STEP 2: IF STILL BLOCKED, DEALING WITH NO OUTPUT, OR VOMITING FOR SEVERAL HOURS: STOP ALL FLUIDS AND FOODS.
1. Call your medical team (doctor or WOC Nurse). Let them know what is happening and what you've tried to alle and report what is happening and what you tried at home to ease the problem. They will give you instructions on what to do next. If ER is necessary, your doctor can call in your care orders.
2. If you are unable to reach your medical team and your stoma is not outputting anything, go to ER immediately.
3. It is important that you take your ostomy supplies with you.
WHEN TO GO TO THE ER:
If you are dealing with an ileostomy obstruction you will have no output from your stoma, pain/cramping of the abdomen, nausea/vomiting, swelling of the stoma, swelling in the abdomen, and faint or absent sounds of the bowel.
Nausea/Vomiting
Electrolyte imbalance is common for those who have had their large intestine removed. This risk can also increase when sweating, vomiting, or dealing with diarrhea. Keeping electrolytes balanced are very important. Try Oral Rehydration Solution recipes to keep hydrated and balanced.
Sodium loss can also be an issue. Signs are: loss of appetite, leg cramping, and drowsiness. If low on potassium, signs are: fatigue, short breath, and muscle weakness. Being dehydrated and having low sodium and/or low potassium needs immediate attention. Keeping hydrated with electrolytes is important to avoid these issues.
Ballooning
During the swallowing process (of food or water), a small amount of air also gets swallowed. Many of the ostomy pouches are built with a charcoal filter in the bag. This is so the air can exit. If there is too much air for the filter to handle, the filter has been blocked, or the filter is wet, the occurrence of ballooning can happen.
To reduce ballooning
Try to control the amount of air going into your digestive system. As individuals, what causes more wind for one person might not be the same as for another.
Helpful tips to reduce ballooning
Eat and drink slowly, trying not to hurry or rush while doing so. Make sure to chew your food completely. Adding daily probiotics to your routine can help to balance bacteria in your system, diminishing wind in the system.
Some foods cause more gas and wind production.
These are foods high in fiber, spicy foods, some vegetables (mainly beans, cabbage, onions, and cucumbers), dairy products, and soy products. Carbonated drinks also cause more air in the intestines. Certain activities can also create more wind in the digestive tract: drinking through a straw, drinking from a sports cap bottle, chewing gum, smoking, snoring, and shortness of breath. These can increase the air that is getting swallowed, creating more wind in the digestive tract.
If ballooning does happen, it is possible to release the air from your pouch.

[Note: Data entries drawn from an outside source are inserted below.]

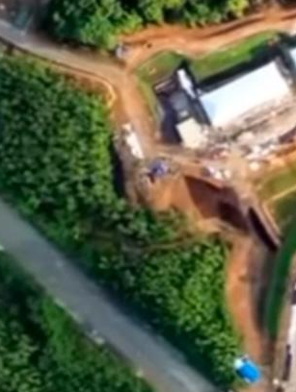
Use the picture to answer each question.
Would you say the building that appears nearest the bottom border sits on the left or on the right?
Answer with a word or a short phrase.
right
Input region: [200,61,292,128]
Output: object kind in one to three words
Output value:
building
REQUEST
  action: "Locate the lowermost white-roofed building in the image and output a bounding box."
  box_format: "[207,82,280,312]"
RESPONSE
[178,117,207,149]
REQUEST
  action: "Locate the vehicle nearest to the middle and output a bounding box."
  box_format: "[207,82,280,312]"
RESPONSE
[142,163,165,177]
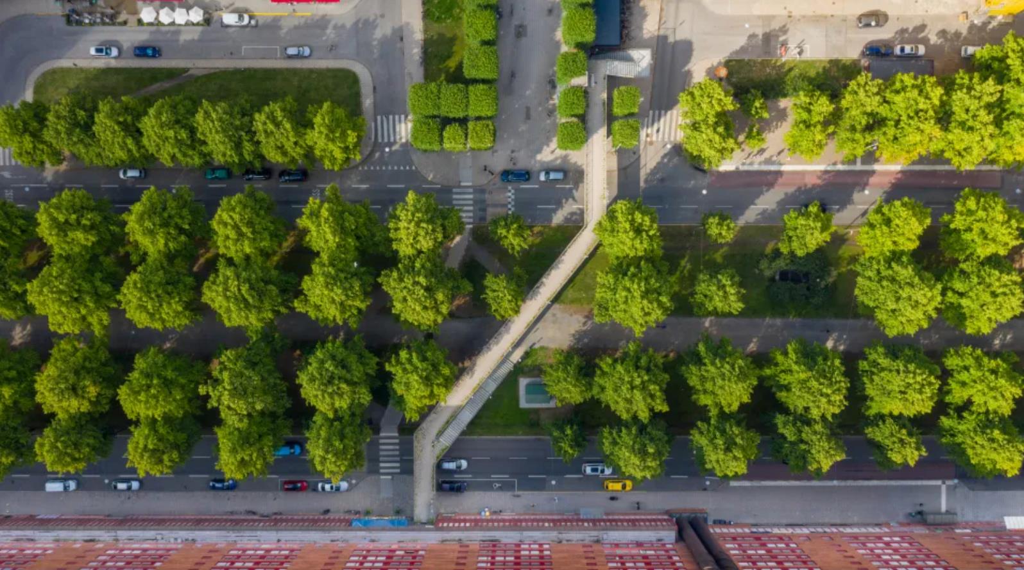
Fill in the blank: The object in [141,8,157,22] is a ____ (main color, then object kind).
white umbrella
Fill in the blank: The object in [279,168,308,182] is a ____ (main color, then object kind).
black car
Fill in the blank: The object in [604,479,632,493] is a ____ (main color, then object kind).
yellow car
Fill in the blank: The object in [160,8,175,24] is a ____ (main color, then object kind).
white umbrella
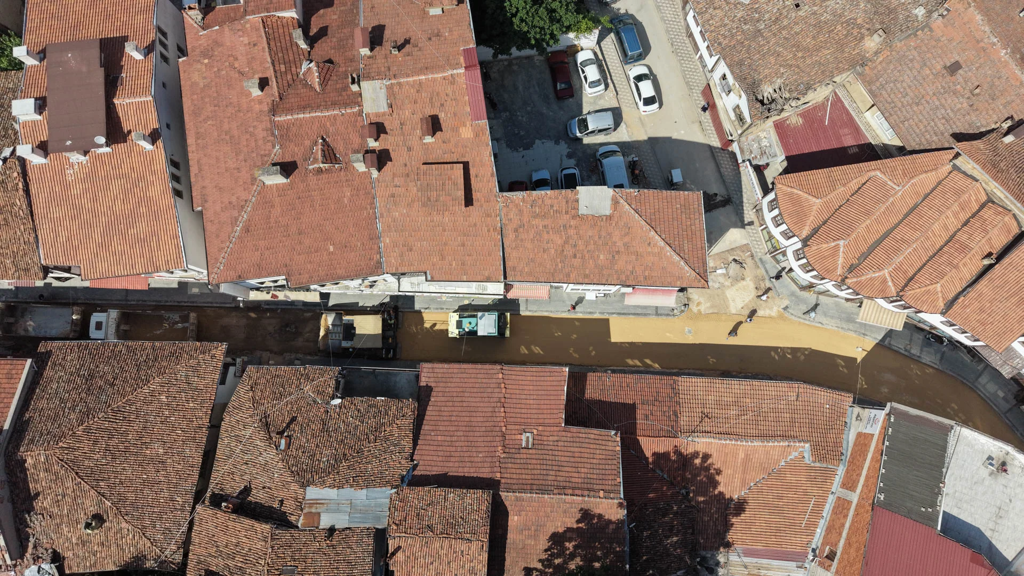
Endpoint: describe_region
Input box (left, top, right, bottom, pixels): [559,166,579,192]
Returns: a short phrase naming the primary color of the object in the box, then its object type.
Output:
black car
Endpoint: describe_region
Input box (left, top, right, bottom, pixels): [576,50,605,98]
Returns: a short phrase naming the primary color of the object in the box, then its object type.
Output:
white car
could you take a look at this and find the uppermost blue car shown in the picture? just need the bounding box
[614,15,644,64]
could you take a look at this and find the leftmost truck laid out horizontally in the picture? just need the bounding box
[0,302,91,336]
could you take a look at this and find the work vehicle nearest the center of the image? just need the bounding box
[447,311,511,337]
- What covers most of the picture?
buildings
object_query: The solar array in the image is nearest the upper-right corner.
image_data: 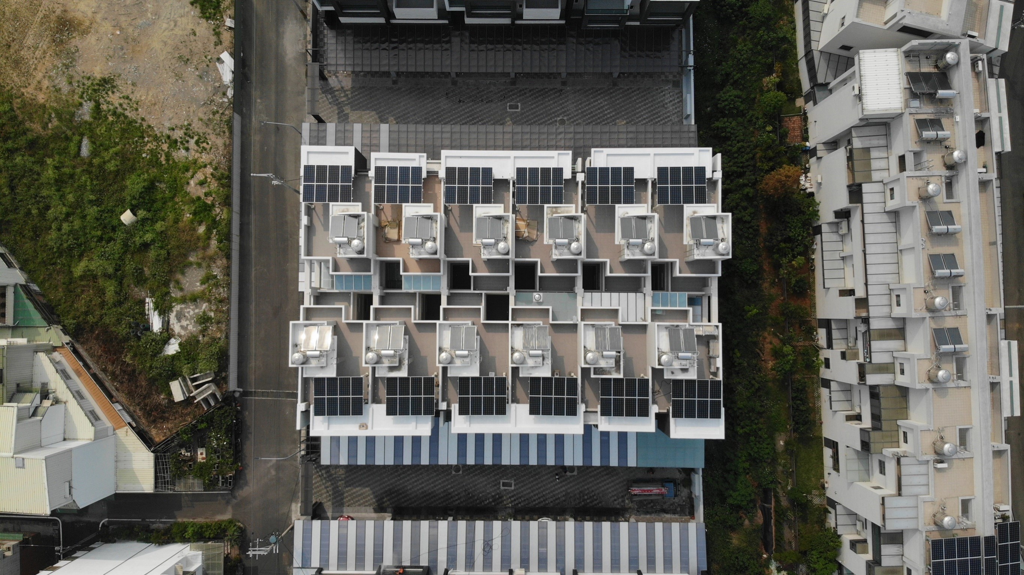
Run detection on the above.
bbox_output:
[652,167,706,208]
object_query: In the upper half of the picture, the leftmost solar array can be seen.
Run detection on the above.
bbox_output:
[303,165,357,206]
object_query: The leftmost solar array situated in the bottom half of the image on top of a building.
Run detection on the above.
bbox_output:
[314,371,369,416]
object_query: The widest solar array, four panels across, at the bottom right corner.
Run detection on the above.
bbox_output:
[919,535,988,575]
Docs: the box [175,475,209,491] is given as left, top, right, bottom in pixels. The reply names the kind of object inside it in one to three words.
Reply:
shed
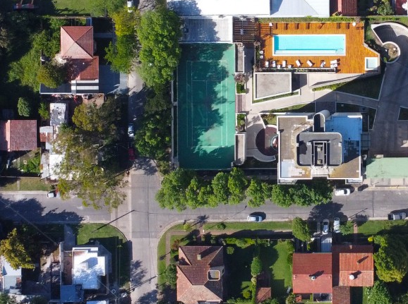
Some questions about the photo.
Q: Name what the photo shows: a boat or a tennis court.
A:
tennis court
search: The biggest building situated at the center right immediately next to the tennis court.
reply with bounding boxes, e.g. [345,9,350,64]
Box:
[277,111,370,184]
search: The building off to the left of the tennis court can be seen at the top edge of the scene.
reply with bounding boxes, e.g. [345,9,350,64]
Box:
[40,15,101,93]
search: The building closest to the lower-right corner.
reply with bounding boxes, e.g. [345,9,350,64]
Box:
[332,243,374,304]
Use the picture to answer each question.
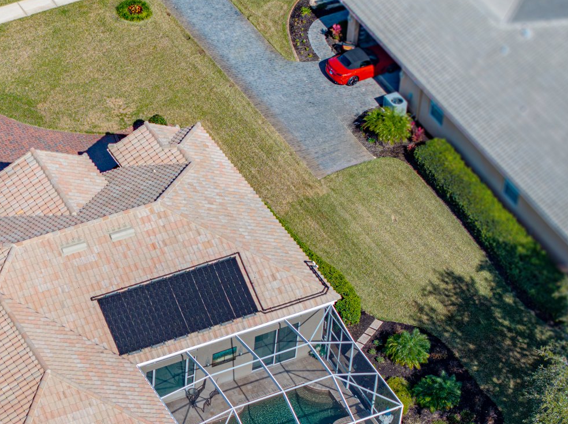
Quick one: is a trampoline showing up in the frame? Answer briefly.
No
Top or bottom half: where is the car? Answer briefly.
top
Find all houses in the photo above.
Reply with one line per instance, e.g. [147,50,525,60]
[0,115,341,424]
[341,0,568,289]
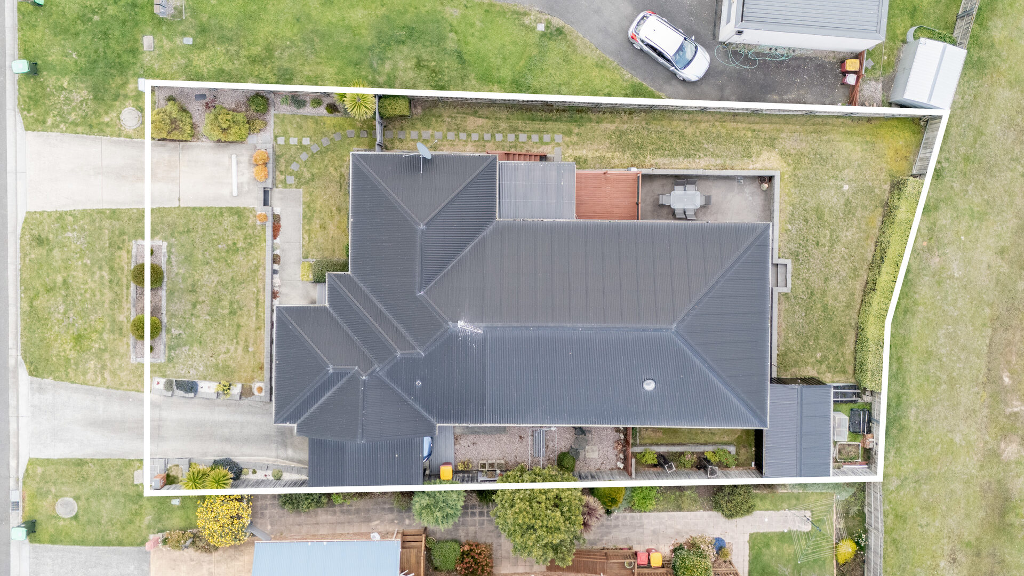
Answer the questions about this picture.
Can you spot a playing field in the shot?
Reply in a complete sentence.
No, I can't see a single playing field in this photo.
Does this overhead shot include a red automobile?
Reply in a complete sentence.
No, the photo shows no red automobile.
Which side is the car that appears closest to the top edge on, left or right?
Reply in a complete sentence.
The car that appears closest to the top edge sits on the right side.
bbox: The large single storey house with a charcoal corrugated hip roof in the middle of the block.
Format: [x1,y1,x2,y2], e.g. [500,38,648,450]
[271,151,773,442]
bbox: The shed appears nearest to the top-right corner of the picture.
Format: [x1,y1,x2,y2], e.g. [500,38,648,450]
[890,36,968,111]
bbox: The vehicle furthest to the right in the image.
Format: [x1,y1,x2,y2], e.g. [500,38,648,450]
[624,10,709,84]
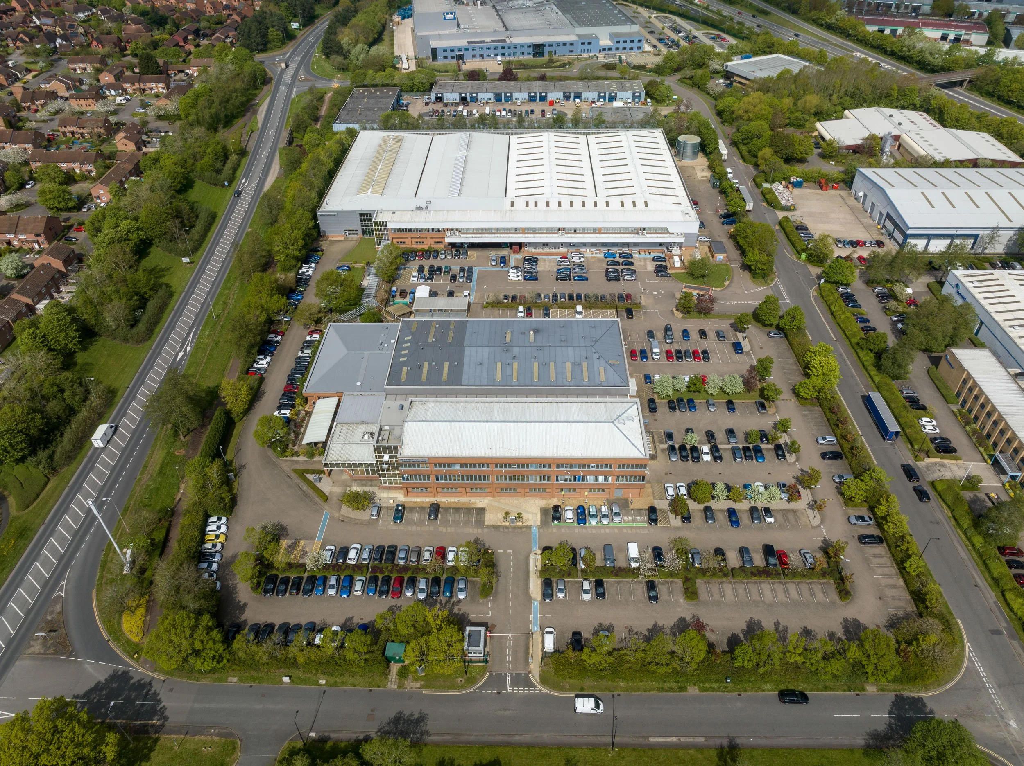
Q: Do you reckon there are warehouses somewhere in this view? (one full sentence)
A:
Yes, there's a warehouse here.
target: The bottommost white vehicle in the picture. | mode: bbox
[572,696,605,713]
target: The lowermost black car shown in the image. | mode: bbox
[778,689,808,705]
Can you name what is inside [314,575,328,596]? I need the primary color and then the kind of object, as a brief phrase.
blue car
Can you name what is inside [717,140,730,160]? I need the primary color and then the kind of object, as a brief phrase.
white vehicle
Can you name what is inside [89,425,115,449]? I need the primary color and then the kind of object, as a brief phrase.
white truck
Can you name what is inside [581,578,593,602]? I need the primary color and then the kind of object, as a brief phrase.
white vehicle
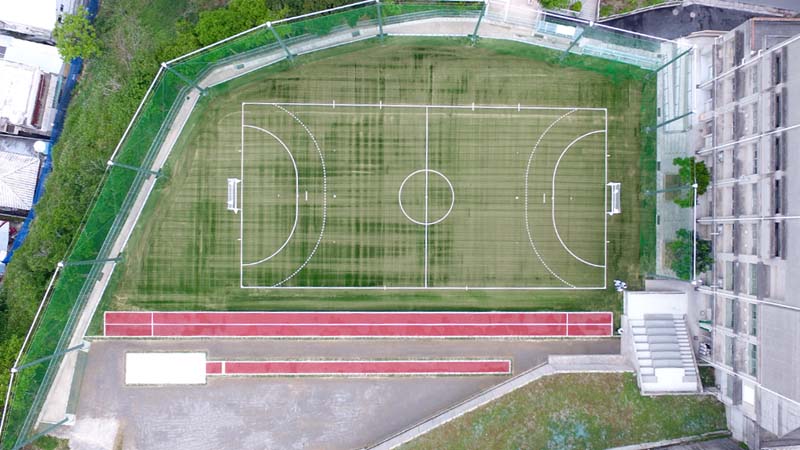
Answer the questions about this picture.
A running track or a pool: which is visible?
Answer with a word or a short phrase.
running track
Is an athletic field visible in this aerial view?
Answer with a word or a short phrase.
Yes
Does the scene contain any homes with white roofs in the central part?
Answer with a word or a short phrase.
No
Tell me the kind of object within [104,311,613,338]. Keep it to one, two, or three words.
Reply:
running track
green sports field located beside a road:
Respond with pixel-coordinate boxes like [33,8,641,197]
[86,37,655,340]
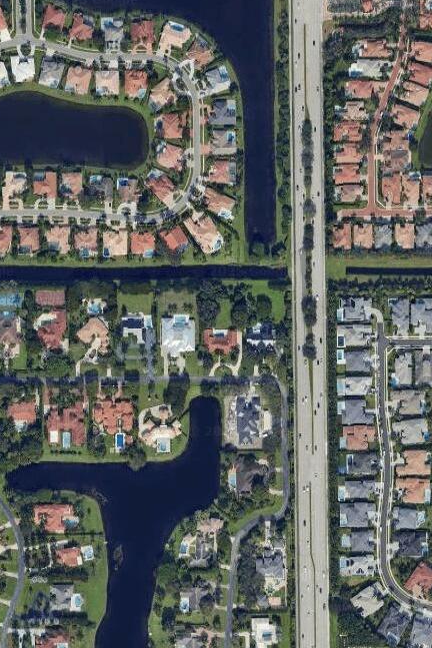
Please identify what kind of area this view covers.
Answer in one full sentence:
The picture captures a residential area.
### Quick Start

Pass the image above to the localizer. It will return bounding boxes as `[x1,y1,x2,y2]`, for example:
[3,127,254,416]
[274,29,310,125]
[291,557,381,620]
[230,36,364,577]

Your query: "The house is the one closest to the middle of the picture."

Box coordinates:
[204,326,240,353]

If you are using a two-piece system, you can "burp" the bag by partially unclipping the wafer from the bag at the very top and gently pushing out the excess air. If using a 1-piece system, you can tilt the bag up (if anything is in the bag it will slide up towards the stoma) to prevent spilling and slowly guide the air through your bag, exiting through the drain/spout. This should be done in a bathroom, or well-ventilated area- it will have a strong odor.
Other Complications
Phantom rectum is similar to the feeling of a "phantom limb" that an amputee experiences. The feeling of need to empty your bowels (like it felt presurgery) may continue for years after surgery. If you still have your rectum, you may still pass mucus while having this feeling. That is completely normal since the rectum is still alive. Some say it can be helpful to sit on the toilet and help move the mucus by acting like it is a bowel movement. Another way to release this pain is by self-administering (or having a loved one assist) a saline enema. Enemas help hydration, helping to pass the mucus while relieving the pain/pressure.
**Phantom rectum can also happen to those without a rectum. In this situation, please do not give yourself an enema. Discuss with your medical team what your options are. This can include prescription medicines to help relieve the pain.